Год любви - [79]

Шрифт
Интервал

В моей памяти остался бледный асфальт, бесцветный и бледный, я стоял на пороге жизни, должно быть, поэтому асфальт казался таким бесцветным и бледным, бледным от ожидания, бесцветным и пустым от накопившегося во мне ожидания, ожидания жизни. Но сейчас я ждал Лару, и она появилась, отделилась от группы девочек и быстро подбежала ко мне, видимо, немного стесняясь, потому что не могла не понимать, как старательно другие девочки делали вид, что ничего не видят и не знают, и потому с еще более неестественной показной беззаботностью выбегали из ворот. Лару это немного смущало, но в ее поведении, в том, как она отделилась от кучки девочек и побежала ко мне, было какое-то необычное достоинство, достоинство женщины.

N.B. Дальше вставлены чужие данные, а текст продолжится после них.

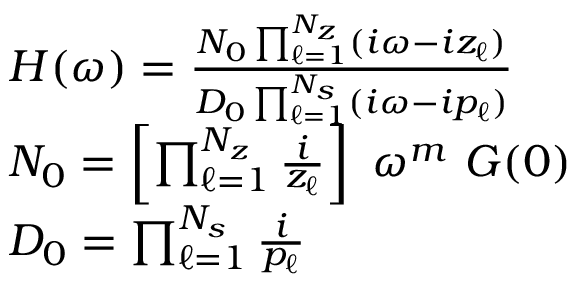<formula> <loc_0><loc_0><loc_500><loc_500>\begin{array} { r } { \begin{array} { r l } & { H ( \omega ) = \frac { N _ { 0 } \prod _ { \ell = 1 } ^ { N _ { z } } ( i \omega - i z _ { \ell } ) } { D _ { 0 } \prod _ { \ell = 1 } ^ { N _ { s } } ( i \omega - i p _ { \ell } ) } } \\ & { N _ { 0 } = \left [ \prod _ { \ell = 1 } ^ { N _ { z } } \frac { i } { z _ { \ell } } \right ] \omega ^ { m } G ( 0 ) } \\ & { D _ { 0 } = \prod _ { \ell = 1 } ^ { N _ { s } } \frac { i } { p _ { \ell } } } \end{array} } \end{array}</formula> 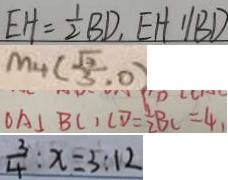Convert formula to latex. <formula><loc_0><loc_0><loc_500><loc_500>E H = \frac { 1 } { 2 } B D , E H / / B D 
 M _ { 4 } ( \frac { \sqrt { 3 } } { 3 } , 0 ) 
 O A \bot B C , C D = \frac { 1 } { 2 } B C = 4 
 \frac { 3 } { 4 } : x = 3 : 1 2</formula> 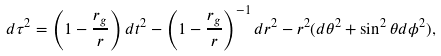<formula> <loc_0><loc_0><loc_500><loc_500>d \tau ^ { 2 } = \left ( 1 - \frac { r _ { g } } { r } \right ) d t ^ { 2 } - \left ( 1 - \frac { r _ { g } } { r } \right ) ^ { - 1 } d r ^ { 2 } - r ^ { 2 } ( d \theta ^ { 2 } + \sin ^ { 2 } \theta d \phi ^ { 2 } ) ,</formula> 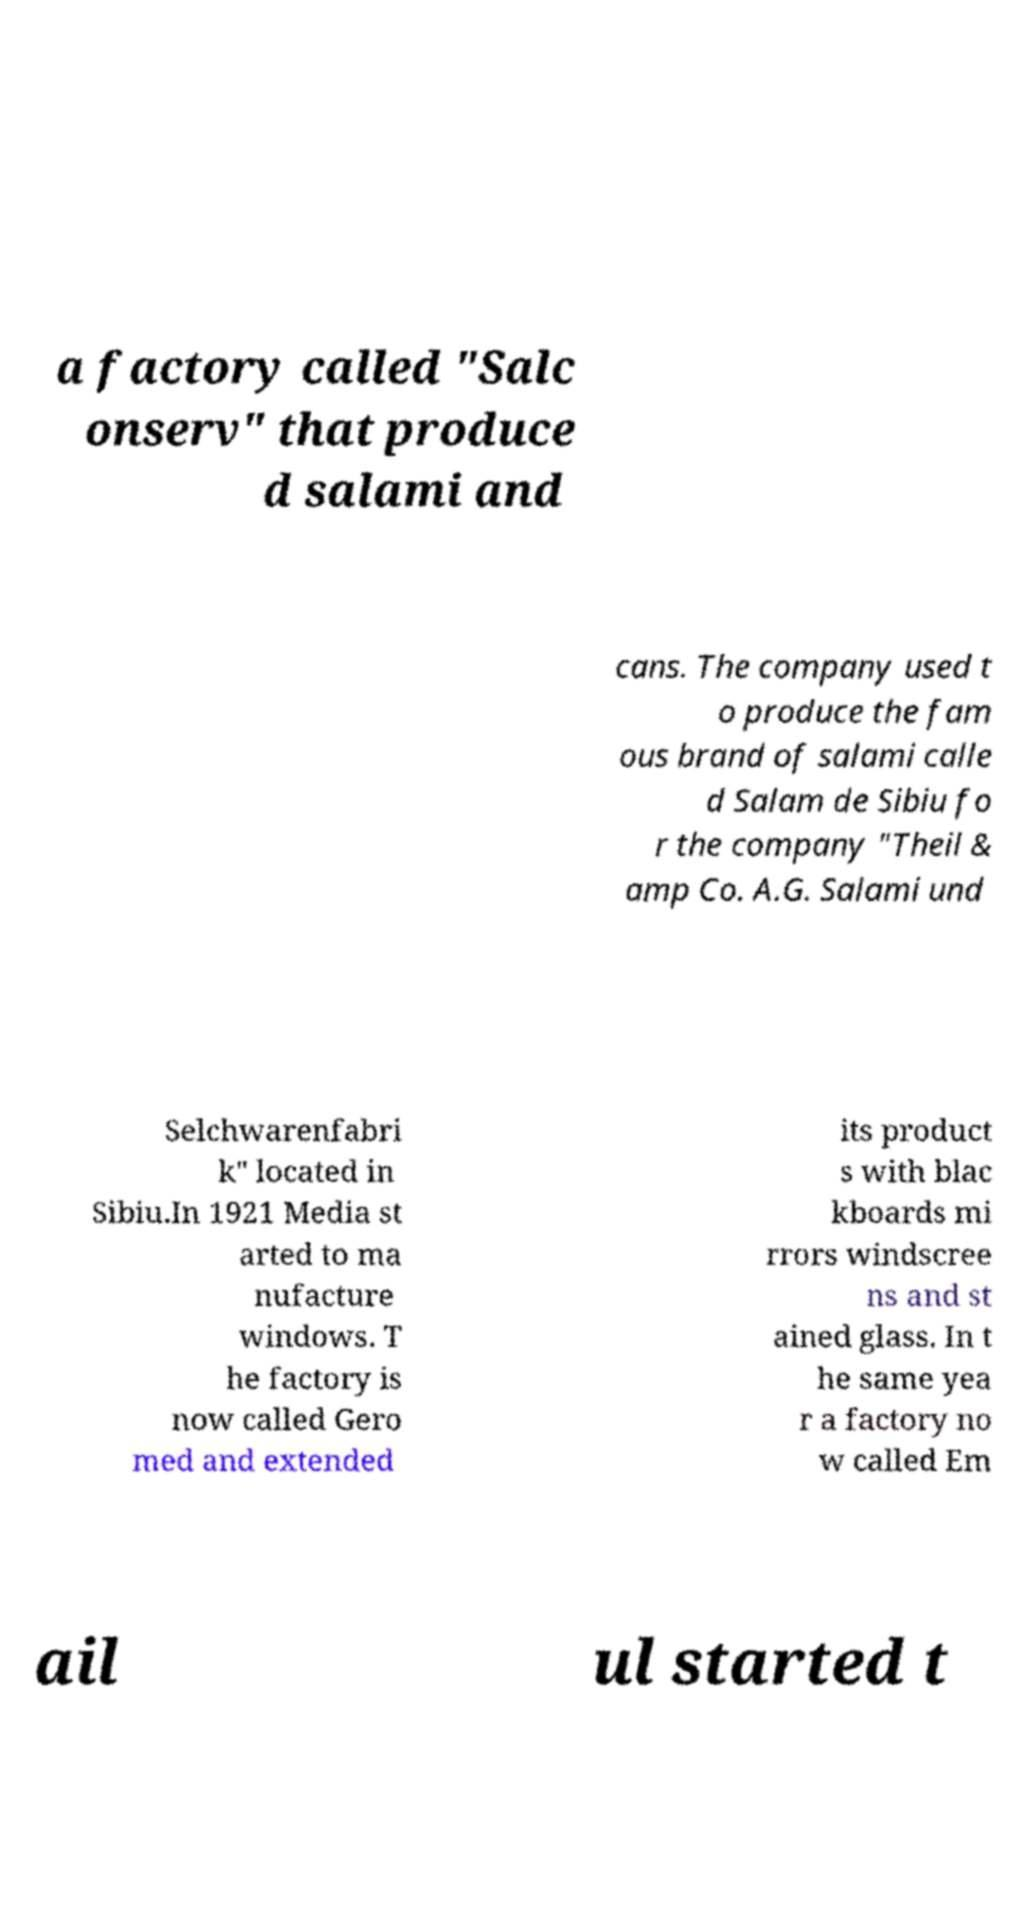Please identify and transcribe the text found in this image. a factory called "Salc onserv" that produce d salami and cans. The company used t o produce the fam ous brand of salami calle d Salam de Sibiu fo r the company "Theil & amp Co. A.G. Salami und Selchwarenfabri k" located in Sibiu.In 1921 Media st arted to ma nufacture windows. T he factory is now called Gero med and extended its product s with blac kboards mi rrors windscree ns and st ained glass. In t he same yea r a factory no w called Em ail ul started t

Это ноша любви, сказал я себе, ее груз, ее серьезность. Готовность столкнуться с оскорблением, обидой, болью. В этом она далеко превосходила меня, она вся отдавалась этому, в то время как я что-то утаивал в себе, словно хотел сберечь себя для чего-то более великого и прекрасного, что придет потом.

Лара подошла ко мне с этой своей решимостью, с необычным достоинством, мы робко поздоровались и ушли оттуда, скрылись из поля зрения соучениц, свидетельниц. Мы шли рядышком, я катил перед собой велосипед, и при каждой возможности мы прижимались друг к другу, жадно и ненасытно. Но при этом всегда присутствовало то, в чем она далеко превосходила меня, ее серьезность, которую я не мог с ней разделить.

У Лары были карие глаза, каштановые волосы и смуглая кожа, ей исполнилось семнадцать, она могла быть родом из Верхней Италии или Южного Тироля. Я познакомился с ней на одной вечеринке, наш класс, уже не помню почему, пригласил к себе учениц торгового училища. Лара была не самой красивой из них, но самой зрелой и совсем не похожей на остальных. Кажется, она тоже была швейцаркой, но в Берн приехала из страны, где шла война, она пережила войну и теперь жила не с родителями, а у родственников. В ней была некая загадочность, тайна, какая-то сдержанность, из-за которой она казалась взрослой среди детей. После борьбы с соперниками я оказался ее партнером по танцам, она досталась мне, и мы без всяких пикировок и банальностей дотанцевались до влюбленности, до этого печального, томительно-прекрасного пространства. У меня почти не было времени приглядеться к ней, я не знал, кто она и какая она из себя, не знал, нравится ли она мне, и все же оказался в состоянии влюбленности.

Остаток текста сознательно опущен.